To install the dependencies, do to the root of the cloned repository, type this line in the terminal, and press enter:

poetry install

It is important to note that you should have the latest stable version of python or python3 installed on your machine, and not a pre-release one (try python --version). The current latest stable version is 3.12.2 (as of April 2024).

After executing the script, you should be able to setup the kernel:

python -m ipykernel install --user --name=sap-sam-kernel

Then, to open the project, simply type:

jupyter notebook

Alternatively, a conda setup is possible.

We provide two conda environment.yml files that can be used to create a new environment and install the required dependencies:

  • environment.yml: contains the abstract dependencies (pandas, numpy, ...).
  • environment-lock.yml: contains versions for all dependencies and the transitive dependencies to ensure reproducible results.

You can use the following conda command to create the environment:

conda env create -f environment.yml  

or

conda env create -f environment-lock.yml  

Getting started

We provide a tutorial Jupyter Notebook that illustrates the dataset format in more detail and shows how to use the csv parsers developed in ./src.

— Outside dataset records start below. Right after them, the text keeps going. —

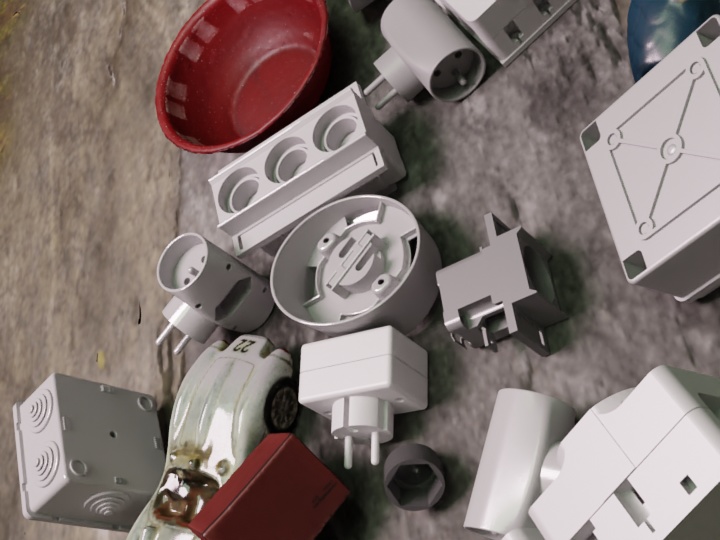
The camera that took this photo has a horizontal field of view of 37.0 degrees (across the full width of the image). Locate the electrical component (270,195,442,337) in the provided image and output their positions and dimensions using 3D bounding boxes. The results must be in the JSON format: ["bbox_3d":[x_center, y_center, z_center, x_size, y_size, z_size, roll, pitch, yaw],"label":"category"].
[{"bbox_3d":[0.000,0.000,0.684,0.099,0.064,0.099,-16,58,28],"label":"electrical component"}]

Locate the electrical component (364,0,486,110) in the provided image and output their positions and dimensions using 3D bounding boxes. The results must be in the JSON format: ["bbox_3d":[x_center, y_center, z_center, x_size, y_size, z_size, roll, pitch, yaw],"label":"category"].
[{"bbox_3d":[0.037,-0.144,0.749,0.079,0.043,0.077,-41,50,11],"label":"electrical component"}]

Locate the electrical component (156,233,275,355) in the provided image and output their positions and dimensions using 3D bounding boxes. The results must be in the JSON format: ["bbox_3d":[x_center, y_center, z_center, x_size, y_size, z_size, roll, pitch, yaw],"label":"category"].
[{"bbox_3d":[-0.109,0.024,0.740,0.079,0.077,0.043,-52,49,1],"label":"electrical component"}]

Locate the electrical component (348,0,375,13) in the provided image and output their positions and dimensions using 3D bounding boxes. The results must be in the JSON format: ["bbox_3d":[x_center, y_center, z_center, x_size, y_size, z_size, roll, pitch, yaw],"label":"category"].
[{"bbox_3d":[0.002,-0.250,0.797,0.064,0.099,0.099,-26,54,14],"label":"electrical component"}]

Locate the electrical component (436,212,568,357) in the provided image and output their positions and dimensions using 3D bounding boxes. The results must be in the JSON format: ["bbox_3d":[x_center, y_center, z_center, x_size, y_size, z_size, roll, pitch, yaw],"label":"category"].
[{"bbox_3d":[0.081,0.013,0.636,0.064,0.042,0.081,-24,54,25],"label":"electrical component"}]

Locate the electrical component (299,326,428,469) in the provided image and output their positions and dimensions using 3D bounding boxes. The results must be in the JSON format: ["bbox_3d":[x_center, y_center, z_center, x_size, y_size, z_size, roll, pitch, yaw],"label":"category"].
[{"bbox_3d":[0.002,0.082,0.651,0.066,0.047,0.076,-14,59,29],"label":"electrical component"}]

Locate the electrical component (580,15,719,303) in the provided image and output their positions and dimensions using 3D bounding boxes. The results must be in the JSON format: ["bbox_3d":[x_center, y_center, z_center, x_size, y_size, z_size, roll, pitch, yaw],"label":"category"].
[{"bbox_3d":[0.182,-0.057,0.569,0.109,0.056,0.108,-44,44,41],"label":"electrical component"}]

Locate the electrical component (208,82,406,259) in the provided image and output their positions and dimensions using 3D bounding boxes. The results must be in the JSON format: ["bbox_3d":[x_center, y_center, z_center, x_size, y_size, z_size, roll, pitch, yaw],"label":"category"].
[{"bbox_3d":[-0.035,-0.063,0.743,0.121,0.063,0.078,-30,53,19],"label":"electrical component"}]

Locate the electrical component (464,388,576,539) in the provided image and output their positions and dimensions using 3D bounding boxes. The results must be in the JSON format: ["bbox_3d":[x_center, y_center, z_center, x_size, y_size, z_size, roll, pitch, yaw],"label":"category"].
[{"bbox_3d":[0.101,0.108,0.570,0.079,0.044,0.077,4,69,36],"label":"electrical component"}]

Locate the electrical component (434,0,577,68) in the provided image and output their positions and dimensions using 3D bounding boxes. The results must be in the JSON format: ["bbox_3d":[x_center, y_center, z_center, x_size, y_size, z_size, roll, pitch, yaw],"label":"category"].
[{"bbox_3d":[0.127,-0.245,0.728,0.186,0.060,0.105,-43,49,9],"label":"electrical component"}]

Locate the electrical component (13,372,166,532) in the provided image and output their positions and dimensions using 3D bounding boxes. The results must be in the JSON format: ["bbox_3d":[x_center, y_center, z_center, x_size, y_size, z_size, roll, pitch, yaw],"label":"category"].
[{"bbox_3d":[-0.179,0.122,0.723,0.048,0.100,0.099,-42,48,27],"label":"electrical component"}]

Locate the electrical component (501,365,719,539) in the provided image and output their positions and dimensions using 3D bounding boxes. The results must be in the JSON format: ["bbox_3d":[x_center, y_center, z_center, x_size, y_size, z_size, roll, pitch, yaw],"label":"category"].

The properties Jupyter Notebook gives an overview of selected properties of the dataset.

Dataset Format

The SAP-SAM dataset contains 103 csv files with a rough size of 38 GB of process models (see modeling notations of the models below).

CSV Format

  1. csv columns:
    • Revision ID: Unique identifier for model revision
    • Model ID: Unique identifier for model
    • Organization ID: Unique identifier for organization this model originates from
    • Datetime: Date and time of creation
    • Model JSON: JSON containing model information
    • Description: Description of model (typically empty)
    • Name: Model name
    • Type: Model type (duplicate and less specific than namespace)
    • Namespace: Stencilset/modeling notation (e.g. BPMN, DMN, UML,...)
  2. Number of models: 1,021,471
  3. Number of models by modeling notation:
Modeling notation Frequency
BPMN 2.0 618,807
Value Chain 194,078
DMN 1.0 98,286
EPC 32,369
BPMN 1.0 15,643
UML 2.2 Class 14,953
Petri Net 11,207
ArchiMate 2.1 10,956
UML Use Case 10,228
Organigram 4,568
BPMN 2.0 Choreography 4,096
BPMN 2.0 Conversation 2,788
FMC Block Diagram 1,398
CMMN 1.0 999
CPN 385
Journey Map 287
YAWL 2.2 238
Process Documentation Template 86
jBPM 4 76
XForms 20
Chen Notation 3

Dummy Data

In order to remove personal first and last names, emails or in some cases matriculations numbers (which users have added in non-compliance with the T&Cs), we have applied a simple replacement script. In particular, we have replaced - to the extent possible - emails, names, and (matriculation) numbers with the following dummy values:

Context Dummy
Email Dummy jane.doe@dummy.com
Name Dummy Jane Doe
Matriculation/Number Dummy 12345678

Project Organization

├── data
│   ├── interim           <- Intermediate data that has been transformed.
│   └── raw               <- The raw dataset should be placed in this folder.
├── notebooks             <- Jupyter notebooks.
├── reports            
│   └── figures           <- Generated graphics and figures used in the paper.
├── src               
│   └── sapsam            <- Source code and dictionaries for use in this project.
├── LICENSE               <- License that applies to the example code in this repository.
├── README.md             <- The top-level README for developers using this project.
├── environment-lock.yml  <- Contains versions for all dependencies and the transitive dependencies to ensure reproducible results.
├── environment.yml       <- Contains the abstract dependencies (pandas, numpy, ...).
└── setup.py              <- Makes project pip installable (pip install -e .) such that src can be imported.